Quando arriva il caldo e i bambini cominciano a sudare, i genitori cercano disperatamente modi per rinfrescare i propri piccoli. I giochi d’acqua diventano allora una soluzione irrinunciabile, soprattutto durante le vacanze estive o in giardino. Ma quanti di voi si fermano davvero a riflettere sulla sicurezza di questi prodotti prima di acquistarli? Dopo anni di test su accessori per l’infanzia, ho imparato che la scelta dei giochi d’acqua per neonati richiede attenzione particolare. Non si tratta solo di scegliere il prodotto più colorato o alla moda, ma di comprendere i rischi reali, le normative vigenti e soprattutto di trovare soluzioni che combinino il divertimento con la protezione della pelle delicata dei nostri bambini.
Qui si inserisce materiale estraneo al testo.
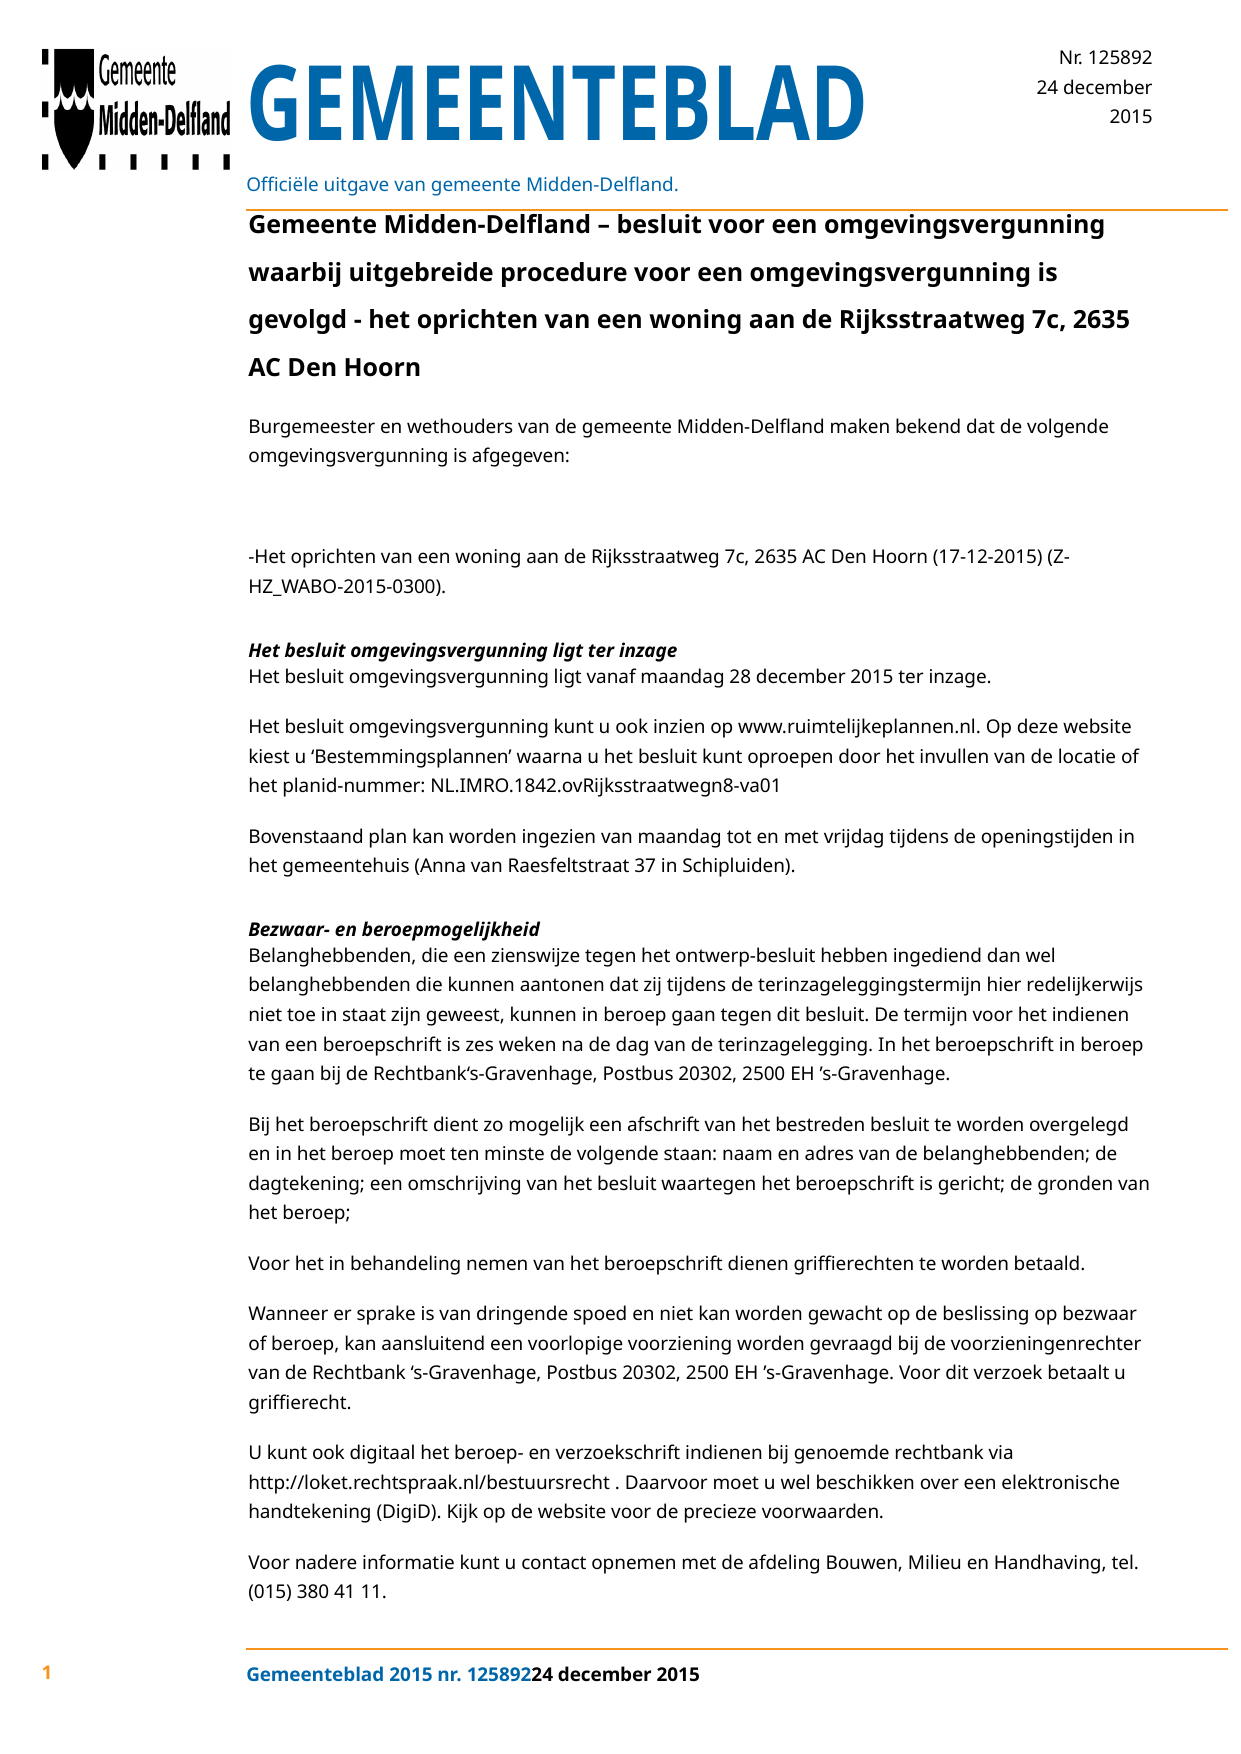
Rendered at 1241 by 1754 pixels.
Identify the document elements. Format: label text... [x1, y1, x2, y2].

text U kunt ook digitaal het beroep- en verzoekschrift indienen bij genoemde rechtbank via http://loket.rechtspraak.nl/bestuursrecht . Daarvoor moet u wel beschikken over een elektronische handtekening (DigiD). Kijk op de website voor de precieze voorwaarden. [248, 1439, 1152, 1524]
text Bezwaar- en beroepmogelijkheid [248, 916, 1152, 942]
text Voor nadere informatie kunt u contact opnemen met de afdeling Bouwen, Milieu en Handhaving, tel. (015) 380 41 11. [248, 1549, 1152, 1604]
text Het besluit omgevingsvergunning ligt vanaf maandag 28 december 2015 ter inzage. [248, 663, 1152, 688]
text -Het oprichten van een woning aan de Rijksstraatweg 7c, 2635 AC Den Hoorn (17-12-2015) (Z-HZ_WABO-2015-0300). [248, 543, 1152, 599]
text Bovenstaand plan kan worden ingezien van maandag tot en met vrijdag tijdens de openingstijden in het gemeentehuis (Anna van Raesfeltstraat 37 in Schipluiden). [248, 823, 1152, 878]
text Bij het beroepschrift dient zo mogelijk een afschrift van het bestreden besluit te worden overgelegd en in het beroep moet ten minste de volgende staan: naam en adres van de belanghebbenden; de dagtekening; een omschrijving van het besluit waartegen het beroepschrift is gericht; de gronden van het beroep; [248, 1111, 1152, 1225]
text Het besluit omgevingsvergunning ligt ter inzage [248, 637, 1152, 663]
text Belanghebbenden, die een zienswijze tegen het ontwerp-besluit hebben ingediend dan wel belanghebbenden die kunnen aantonen dat zij tijdens de terinzageleggingstermijn hier redelijkerwijs niet toe in staat zijn geweest, kunnen in beroep gaan tegen dit besluit. De termijn voor het indienen van een beroepschrift is zes weken na de dag van de terinzagelegging. In het beroepschrift in beroep te gaan bij de Rechtbank‘s-Gravenhage, Postbus 20302, 2500 EH ’s-Gravenhage. [248, 942, 1152, 1086]
text Wanneer er sprake is van dringende spoed en niet kan worden gewacht op de beslissing op bezwaar of beroep, kan aansluitend een voorlopige voorziening worden gevraagd bij de voorzieningenrechter van de Rechtbank ‘s-Gravenhage, Postbus 20302, 2500 EH ’s-Gravenhage. Voor dit verzoek betaalt u griffierecht. [248, 1300, 1152, 1415]
text Gemeente Midden-Delfland – besluit voor een omgevingsvergunning waarbij uitgebreide procedure voor een omgevingsvergunning is gevolgd - het oprichten van een woning aan de Rijksstraatweg 7c, 2635 AC Den Hoorn [248, 211, 1152, 384]
text Burgemeester en wethouders van de gemeente Midden-Delfland maken bekend dat de volgende omgevingsvergunning is afgegeven: [248, 413, 1152, 468]
text Voor het in behandeling nemen van het beroepschrift dienen griffierechten te worden betaald. [248, 1250, 1152, 1276]
text Het besluit omgevingsvergunning kunt u ook inzien op www.ruimtelijkeplannen.nl. Op deze website kiest u ‘Bestemmingsplannen’ waarna u het besluit kunt oproepen door het invullen van de locatie of het planid-nummer: NL.IMRO.1842.ovRijksstraatwegn8-va01 [248, 713, 1152, 798]
picture [41, 47, 231, 172]

Capire i rischi reali dei giochi d’acqua per neonati

Molti genitori pensano che l’acqua sia semplicemente acqua, ma non è così. Un neonato ha una pelle ancora in via di sviluppo, con uno strato corneo molto più sottile rispetto a quello di un adulto. Questo significa che è più soggetto a disidratazione, scottature solari e irritazioni. I giochi d’acqua, se non scelti correttamente, possono esporre il bambino a rischi come cloro, microplastiche, batteri e sostanze chimiche pericolose.

Ho visto genitori scegliere piscine gonfiabili economiche e scoprire dopo poco che rilasciavano sostanze tossiche. Il cloro presente in molte piscine pubbliche può causare irritazioni agli occhi e alle vie respiratorie dei neonati. Inoltre, l’esposizione al sole durante il gioco d’acqua aumenta il rischio di colpi di calore, soprattutto nei bambini sotto i due anni che non riescono a regolare la propria temperatura corporea come gli adulti.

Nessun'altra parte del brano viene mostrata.